I have just bought my first road bike after many years on a hybrid which I used for commuting. It has a Shimano 105 Groupset which is cool, but I can't shift to all gears without the chain rubbing on the front derailleaur.

I have managed to adjust previous bikes so that the whole gear range can be used, but I can't manage it on this. is this something which is specific to road bikes and/or this groupset. It is very rare that I would use the big rear cog and the large front together or the small rear and small front but surely you should still be able to engage them?

It has two cogs on the front and 10 on the rear.

Thanks

Mark

Posts

  • anto164anto164 Posts: 3,500
    Trim function on the front shifter.

    like you're going to shift to the small chainring, but only push until the first click.

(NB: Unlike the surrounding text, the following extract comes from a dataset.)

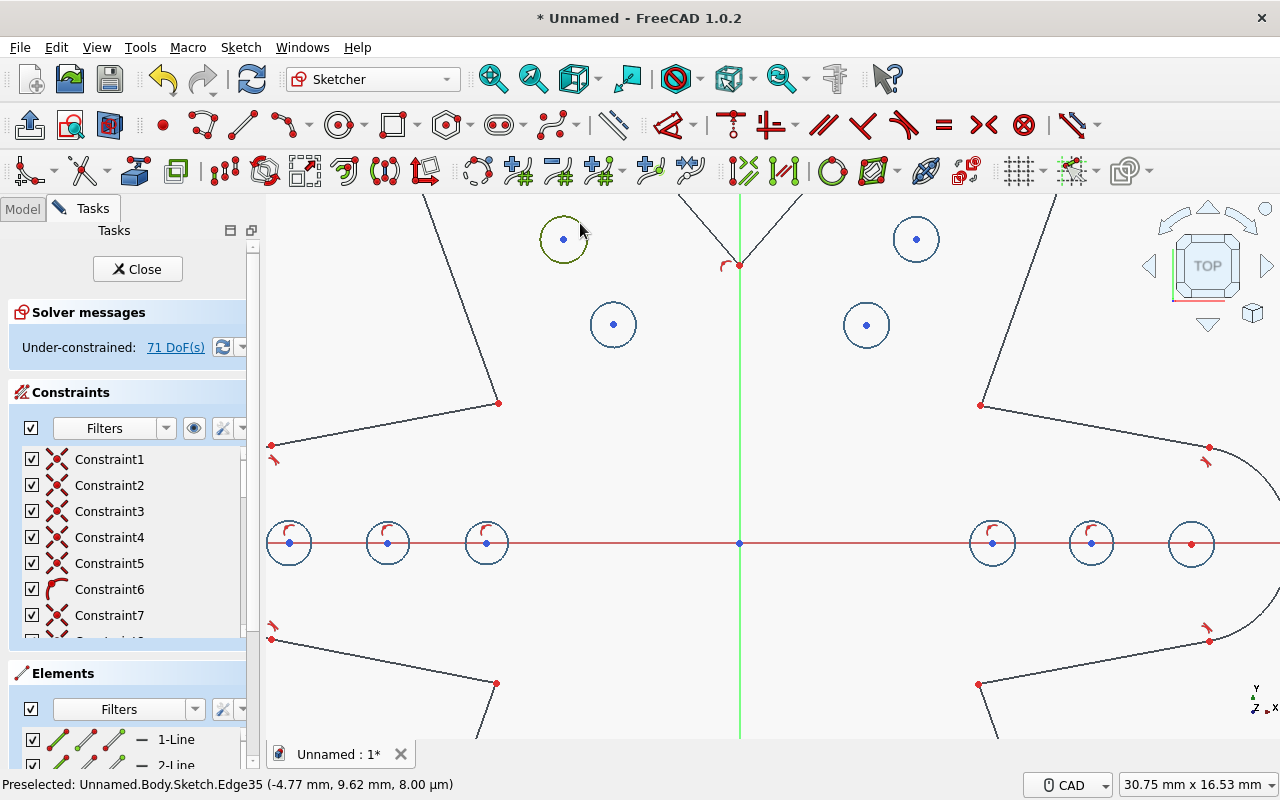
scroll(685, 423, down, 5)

    You probably won't be able to use all the gears at the back without the trim functin on the large ring.
  • rafletcherrafletcher Posts: 1,155
    That's perfectly usual - the chain rub that is. You don't have 20 distinct and separate ratios, you probably have 15 or so, and their is an overlap between the ratios available in the big and small chainrings

    Whilst you can go "big-big" and indeed I've seen pros do it so that when they crest a climb they just have to shift up gears at the back, it'll censored the chain in short order - and rub on the front mech cage. Best practise is to use say sprockets 1-8 with the small chainring and 3-10 with the larger - 1 being the largest sprocket.
  • thecrofterthecrofter Posts: 734
    On a very simple spread sheet work out the ratios you've actually got you'll find there is quite a bit of overlap and it's never necessary to cross-chain. Pro's will cross chain but they've got a mechanic to replace chains and cassettes every day if required.

    1-1 1.2
    1-2 1.304347826
    1-3 1.428571429
    2-1 1.56
    1-4 1.578947368
    2-2 1.695652174
    1-5 1.764705882
    2-3 1.857142857
    1-6 2
    3-1 2.000
    2-4 2.052631579
    1-7 2.142857143
    3-2 2.174
    2-5 2.294117647
    1-8 2.307692308
    3-3 2.381
    1-9 2.5
    2-6 2.6
    3-4 2.632
    2-7 2.785714286
    3-5 2.941
    2-8 3
    2-9 3.25
    3-6 3.333
    3-7 3.571
    3-8 3.846
    3-9 4.167

    These are the ratios on my Giant, with a triple, as you can see if I was in 1-8 for example it's almost exactly the same as 2-5, or conversely if I was in 3-1 it's almost the same as 2-4. Once you know what the ratios are you can find the right gear and keep the drive straighter thereby limiting losses in power. Basically I tend to be in 3,4,5,6 on the rear and when I reach the end of those limits it's time to change the chainring, unless the circumstances are reasonably exceptional.
    You've no won the Big Cup since 1902!
  • CiBCiB Posts: 6,098
    This is the same chart idea as thecrofter's (above) but for 53/39 rings on a 12-25 cassette, which is probably closer to your 105.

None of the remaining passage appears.